Throughput Optimization: Batching and Parallelism
To achieve our 30% throughput improvement, we tuned the Kafka consumers:
- Batch Size: We increased
fetch.min.bytesto 50KB to reduce the number of I/O requests. - Parallelism: We matched the number of partitions to our consumer thread pool size to ensure no worker was idle.
@KafkaListener(topics = "document-chunks", containerFactory = "batchFactory")
public void handleBatch(List<ConsumerRecord<String, ChunkDTO>> records) {
// Parallel processing using Java Parallel Streams for CPU-bound embedding tasks
records.parallelStream().forEach(this::processChunk);
}
Handling Failures: The Dead Letter Topic (DLT) Pattern
In a distributed system, failure is a guarantee. We implemented a robust retry strategy with exponential backoff:
- Retry Topic: Transient failures (like a 503 from the embedding API) are moved to a retry topic.
- DLT: Permanent failures (invalid content, encoding errors) are moved to a DLT for manual inspection.

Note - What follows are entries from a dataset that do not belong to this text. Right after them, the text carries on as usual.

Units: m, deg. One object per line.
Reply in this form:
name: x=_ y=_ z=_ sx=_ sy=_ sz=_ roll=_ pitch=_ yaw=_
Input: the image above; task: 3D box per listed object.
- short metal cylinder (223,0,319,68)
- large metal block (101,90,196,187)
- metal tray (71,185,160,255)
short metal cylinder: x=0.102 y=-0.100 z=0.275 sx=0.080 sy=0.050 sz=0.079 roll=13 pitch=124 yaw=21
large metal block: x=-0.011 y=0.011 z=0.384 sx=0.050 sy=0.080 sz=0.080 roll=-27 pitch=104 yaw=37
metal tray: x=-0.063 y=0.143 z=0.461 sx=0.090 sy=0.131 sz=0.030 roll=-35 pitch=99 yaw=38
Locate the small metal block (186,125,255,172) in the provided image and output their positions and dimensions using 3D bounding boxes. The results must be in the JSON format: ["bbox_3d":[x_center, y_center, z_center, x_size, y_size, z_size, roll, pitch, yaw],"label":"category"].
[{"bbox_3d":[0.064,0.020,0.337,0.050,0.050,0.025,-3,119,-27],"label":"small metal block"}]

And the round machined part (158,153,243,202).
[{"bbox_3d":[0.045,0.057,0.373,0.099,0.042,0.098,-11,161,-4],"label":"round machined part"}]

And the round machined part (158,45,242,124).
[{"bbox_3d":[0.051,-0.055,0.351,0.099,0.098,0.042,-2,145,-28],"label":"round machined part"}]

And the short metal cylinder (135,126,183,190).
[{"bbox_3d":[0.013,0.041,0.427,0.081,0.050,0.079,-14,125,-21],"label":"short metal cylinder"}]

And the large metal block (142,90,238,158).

This ensures that one bad document doesn't stall the entire pipeline.
Lessons from Production
One mistake we made early on was not monitoring Consumer Lag closely enough. A slow embedding service caused a 2-hour backlog in minutes. We now have Prometheus/Grafana alerts that trigger auto-scaling of our consumer pods whenever the lag exceeds 5,000 records.
Summary
Designing for scale means assuming every downstream service will eventually fail. By using Kafka as our "architectural buffer," we turned a brittle ingestion system into a fault-tolerant engine capable of sustaining 100k+ events/sec.